China : "Enemy of the Internet"
The Chinese authorities have created one of the world's most sophisticated systems for monitoring and censoring the Internet, often referred to as the Great Firewall of China. (Read the report "The Ennemies of Internet")
One of its latest refinements, installed ahead of the 18th congress of the Chinese Communist Party last November, was the blocking of Virtual Private Networks, software provided by foreign companies that allowed users to circumvent online censorship.
Words such as "human rights," "Tiananmen" and "Liu Xiaobo" are permanently blocked on the Internet. The regime has enlisted private sector Internet companies such as the social networks Tencent and Sina to monitor what their customers are posting online and withdraw posts on sensitive subjects.
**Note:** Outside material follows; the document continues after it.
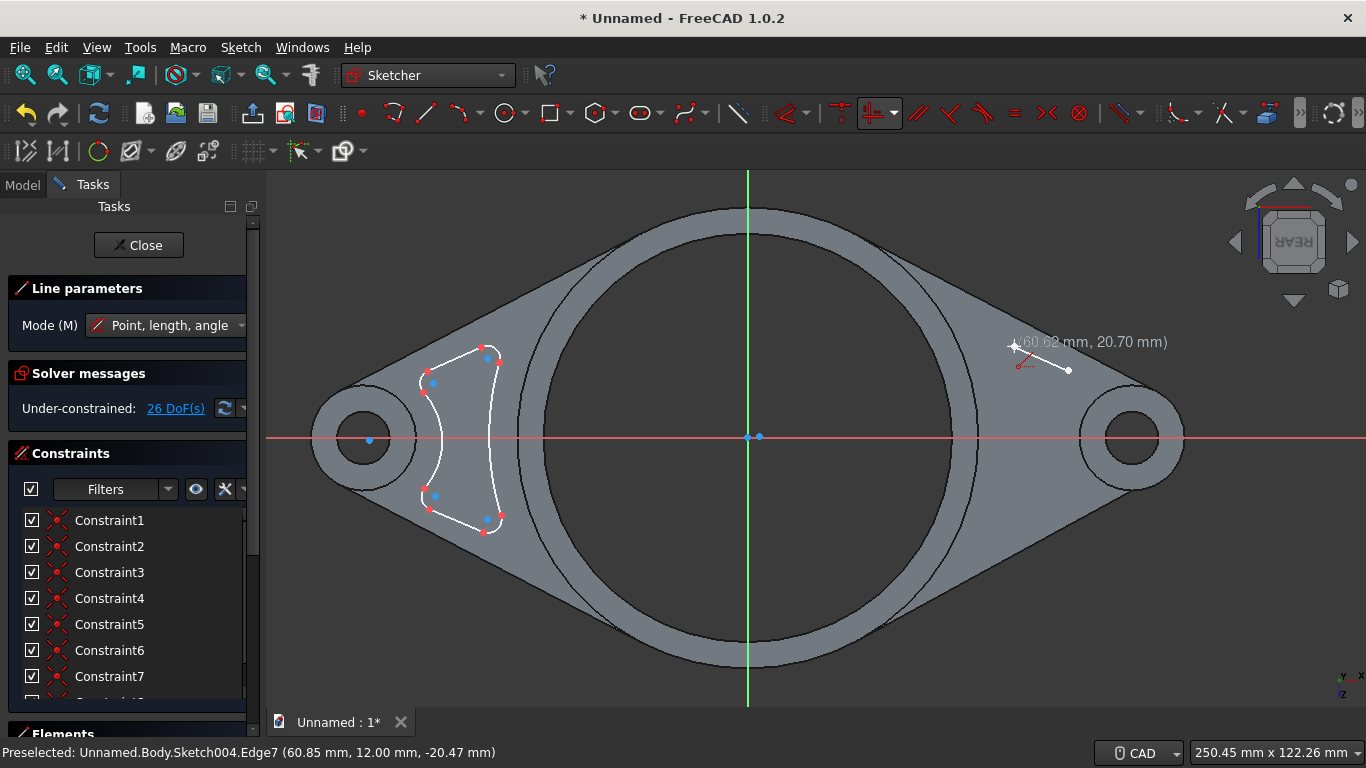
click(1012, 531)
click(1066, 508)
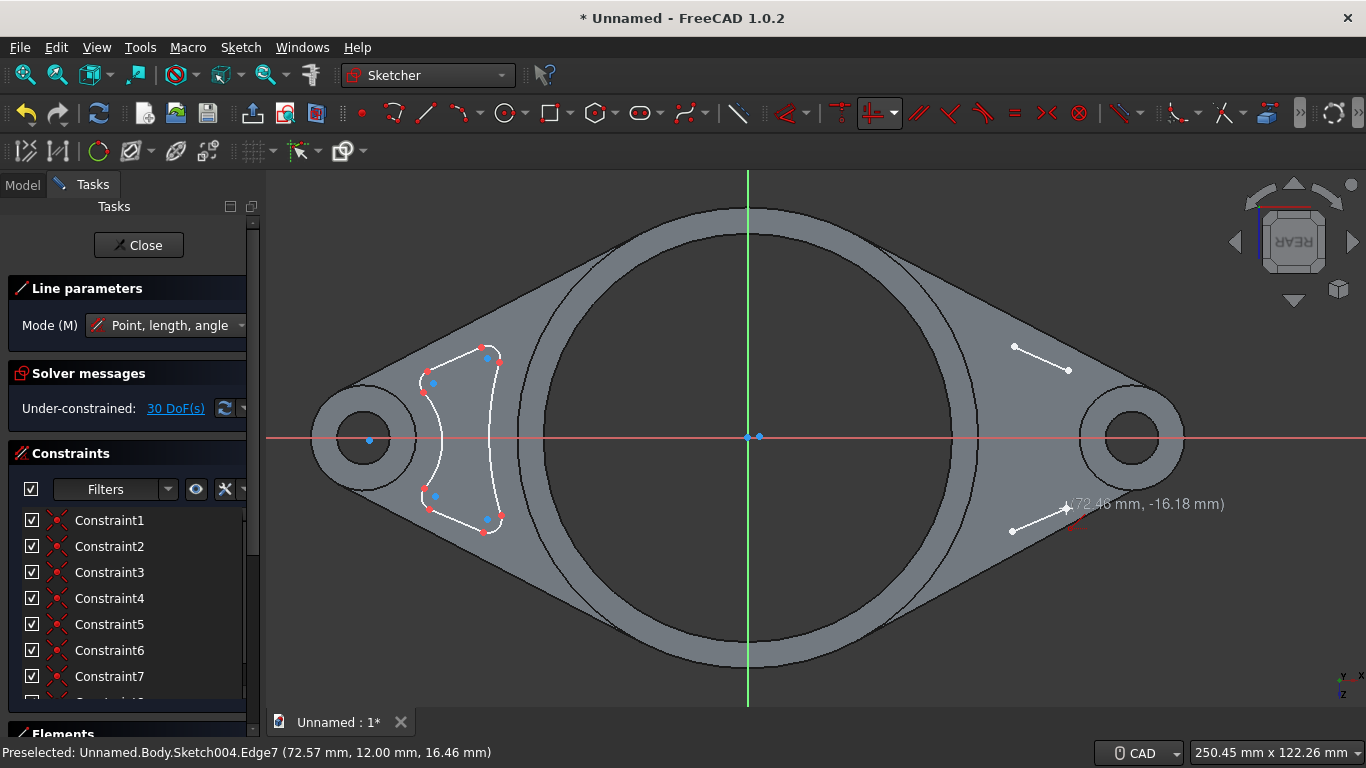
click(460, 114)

Foreign media in the government's sights
The Communist Party also tries to control the coverage of China provided by the foreign media, which continue to play a key role in informing not only the international community but also the Chinese public, the victim of the censorship increasingly imposed on the local media.
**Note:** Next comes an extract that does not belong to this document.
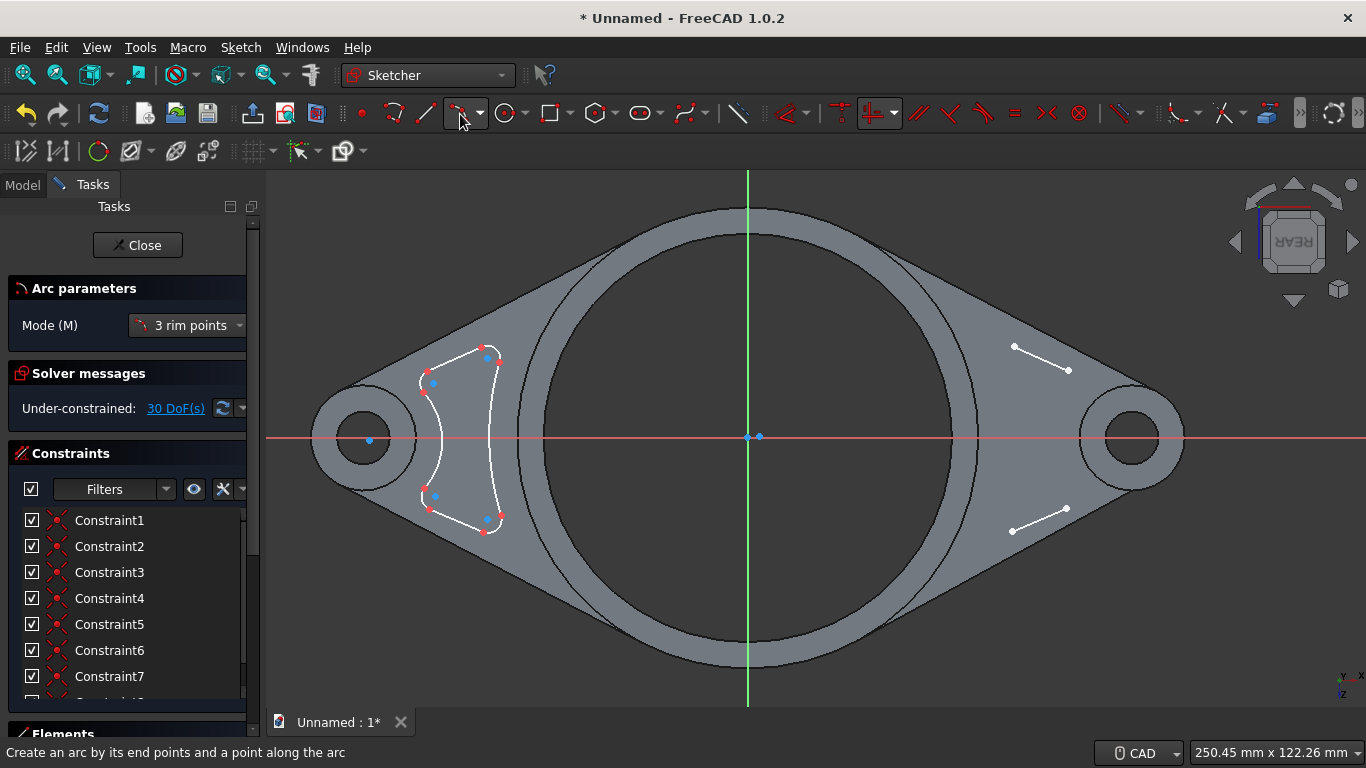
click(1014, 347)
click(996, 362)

The Bloomberg news website was blocked on 29 June 2012 because of its investigative coverage of the fortune acquired by the family of the country's new president, Xi Jinping. Then the New York Times website was censored and the newspaper was threatened with a lawsuit after it ran an article about the fortune amassed by Prime Minister Wen Jiabao's family.
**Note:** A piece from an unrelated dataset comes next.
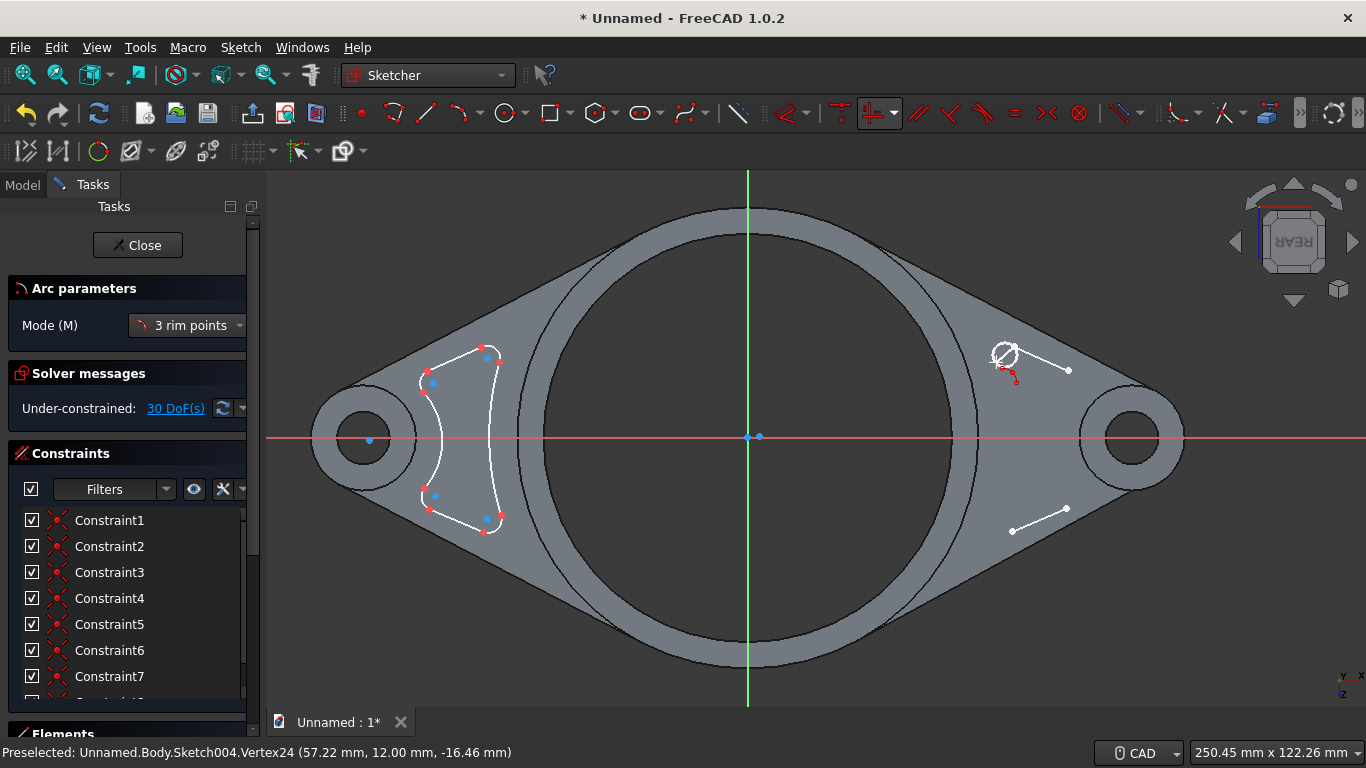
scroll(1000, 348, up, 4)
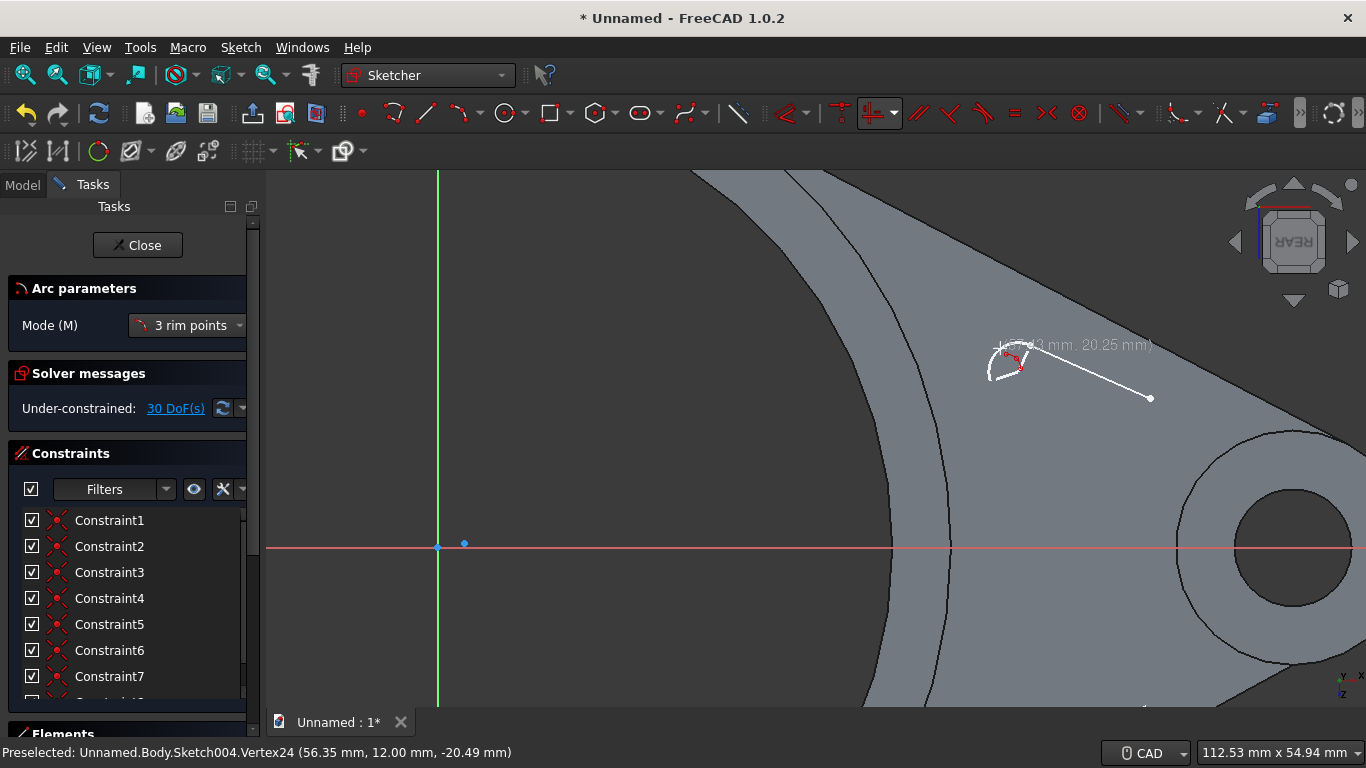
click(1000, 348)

Asked about interference of its broadcasts, the BBC told Reporters Without Borders that "intermittent cuts were identified (…) and intensified in the course of February." Two Sky News journalists were arrested last March. In October 2012, an AFP journalist was detained. And there has been an increase in cases of foreign reporters being denied press accreditation or press visas.
Reporters Without Borders urges the Chinese government to:
Release all journalists and cyber-dissidents who have been jailed in connection with the provision of news and information.
End the arbitrary detention, surveillance and harassment of journalists and dissidents, and their families.
Allow all foreign journalists to work normally and stop subjecting them to various kinds of pressure and harassment including the refusal of visas and accreditation.
Dismantle the censorship system by ending the practice of issuing directives to the media, and by ceasing to use the Great Firewall to filter and block online news and information.